*YOUR ASSIGNMENT*
From the first line to the last, return the data exactly, with no pictures.
___ THE DATA ___
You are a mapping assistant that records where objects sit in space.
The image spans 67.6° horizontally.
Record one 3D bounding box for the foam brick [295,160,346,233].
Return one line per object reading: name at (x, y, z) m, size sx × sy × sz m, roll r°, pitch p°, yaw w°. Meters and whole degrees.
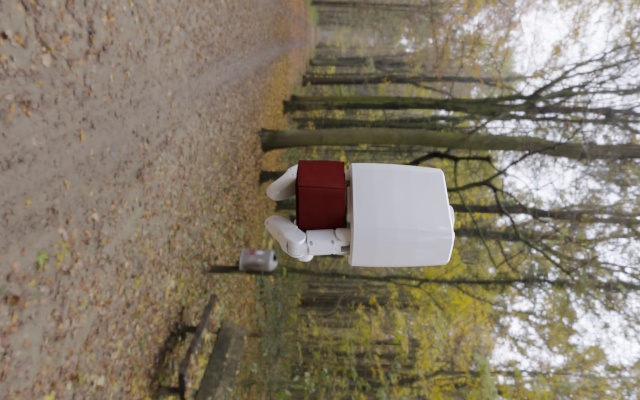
___
*WRITTEN RESPONSE*
You are a mapping assistant that records where objects sit in space.
The image spans 67.6° horizontally.
Record one 3D bounding box for the foam brick [295,160,346,233].
Return one line per object reading: name at (x, y, z) m, size sx × sy × sz m, roll r°, pitch p°, yaw w°. Meters and whole degrees.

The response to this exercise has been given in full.